Janis Zinkus, Dalia Urbanaitė, Arūnas Gelmanas, Ramūnas Tamošiūnas, Arūnas Vertelis, Andrius Macas
Total knee arthroplasty (TKA) is one of the most frequently performed major orthopaedic operations causing postoperative pain, which may influence quality of life. Therefore controlling the pain after these operations is a real challenge to medical staff in the whole world. Generally, multimodal analgesia is applied. However, there is still no gold standard for pain control after TKA. Our aim was to find out whether postoperative acute pain control method influences patients quality of life and the occurrence of chronic pain after TKA. The perspective study was performed. Fifty four patients who underwent TKA were included. Patients were randomized into two groups: first group (continuous femoral nerve block) and second group (continuous intraarticular block).

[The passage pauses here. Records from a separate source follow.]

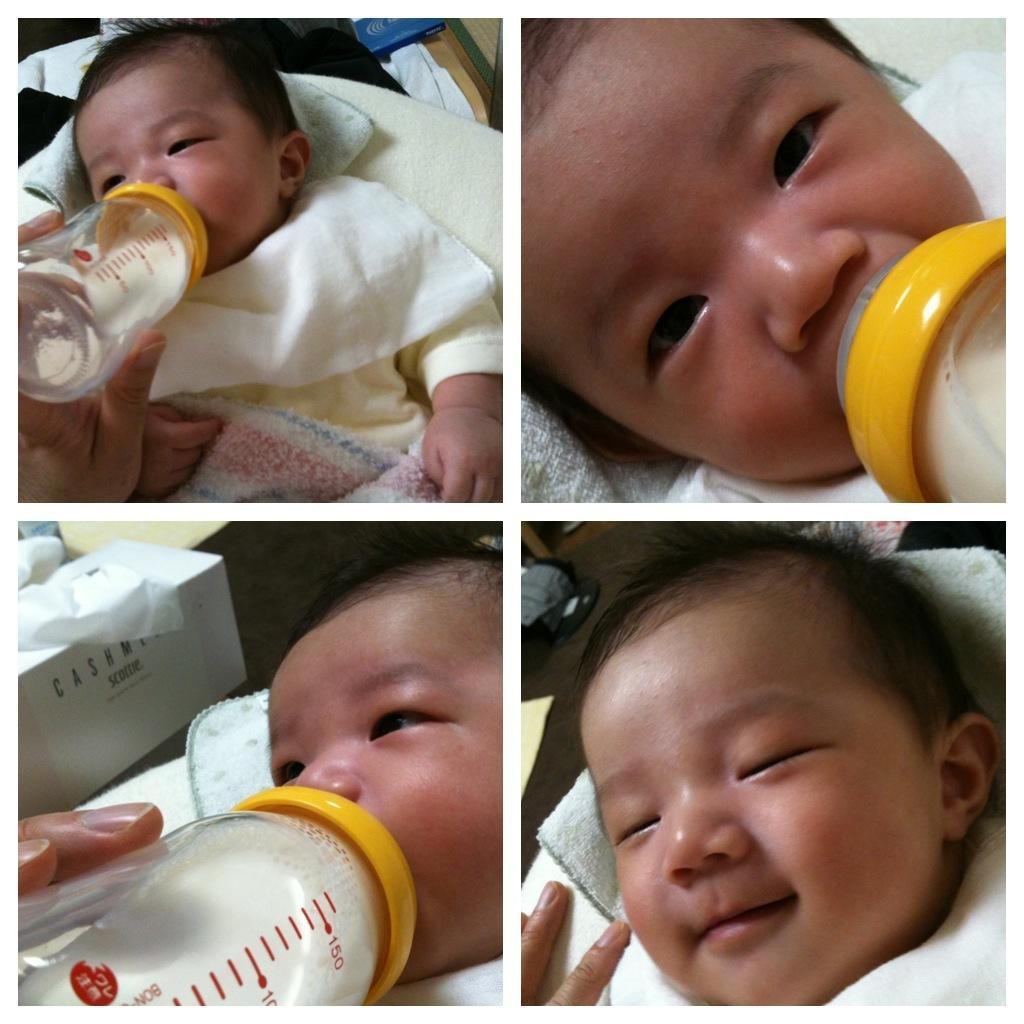Could you give a brief overview of what you see in this image? This picture shows a baby and we have similar pictures as a collage. baby drinking milk in the bottle 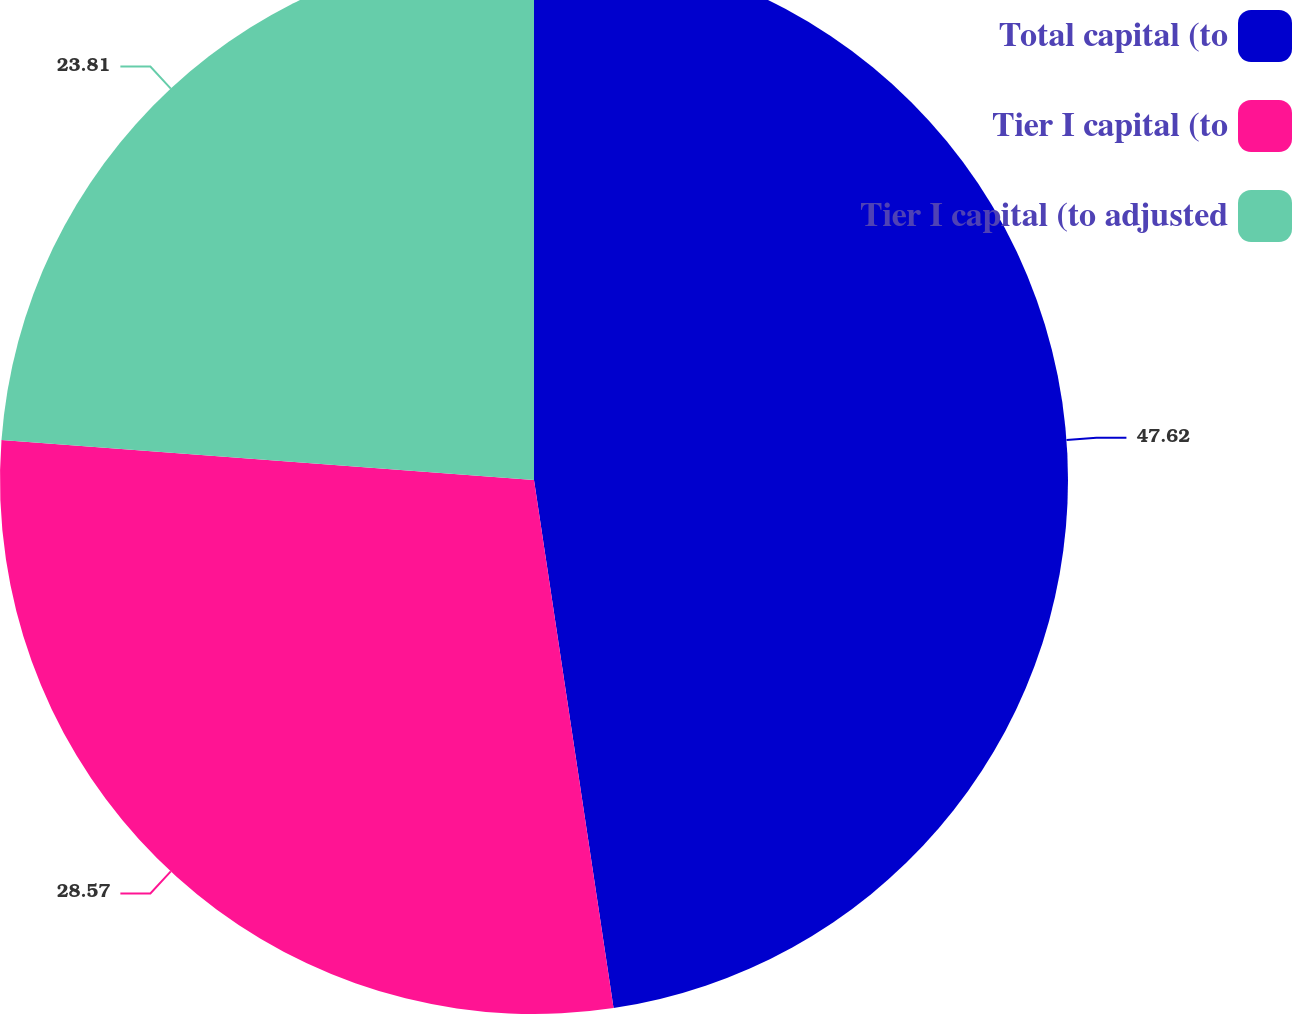<chart> <loc_0><loc_0><loc_500><loc_500><pie_chart><fcel>Total capital (to<fcel>Tier I capital (to<fcel>Tier I capital (to adjusted<nl><fcel>47.62%<fcel>28.57%<fcel>23.81%<nl></chart> 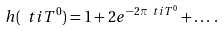<formula> <loc_0><loc_0><loc_500><loc_500>h ( \ t i { T } ^ { 0 } ) = 1 + 2 e ^ { - 2 \pi \ t i { T } ^ { 0 } } + \dots \, .</formula>

The knee function and chronic pain influence to quality of life were evaluated by visual-analog scale, Knee injury and Osteoarthritis Outcome Score, Geriatric Depression Scale: short form. The results showed, postoperative pain control method had no influence to the occurrence of chronic pain. However, depression could cause chronic postoperative pain. The knee function recovery during the first month after TKA was faster in the second group. Despite the depression, the quality of life improved in both groups.
Keyword(s): postoperative pain; continuous femoral nerve block; continuous intraarticular block; total knee arthroplasty; chronic pain; quality of life.